_Brief_
Images should be left out, and everything else in the listing reproduced exactly.

_Recorded data_
[Start of Attachment]
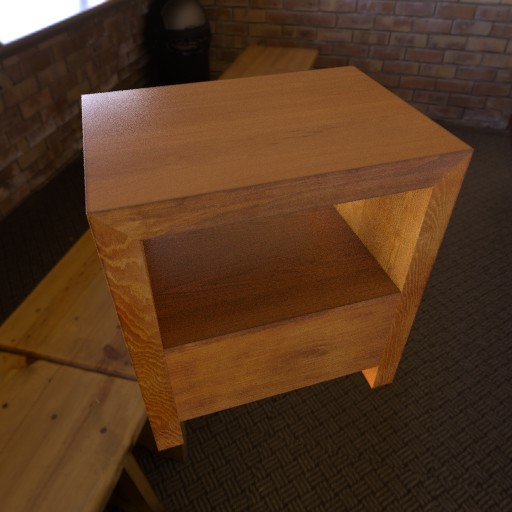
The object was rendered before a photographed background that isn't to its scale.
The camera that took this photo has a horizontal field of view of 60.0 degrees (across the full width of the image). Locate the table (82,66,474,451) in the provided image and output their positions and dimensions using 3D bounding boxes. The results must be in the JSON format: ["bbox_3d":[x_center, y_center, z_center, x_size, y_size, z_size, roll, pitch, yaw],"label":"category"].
[{"bbox_3d":[0.000,0.000,0.934,0.550,0.605,0.400,-12,42,-13],"label":"table"}]
[End of Attachment]
_Response area_
The object was rendered before a photographed background that isn't to its scale.
The camera that took this photo has a horizontal field of view of 60.0 degrees (across the full width of the image). Locate the table (82,66,474,451) in the provided image and output their positions and dimensions using 3D bounding boxes. The results must be in the JSON format: ["bbox_3d":[x_center, y_center, z_center, x_size, y_size, z_size, roll, pitch, yaw],"label":"category"].
[{"bbox_3d":[0.000,0.000,0.934,0.550,0.605,0.400,-12,42,-13],"label":"table"}]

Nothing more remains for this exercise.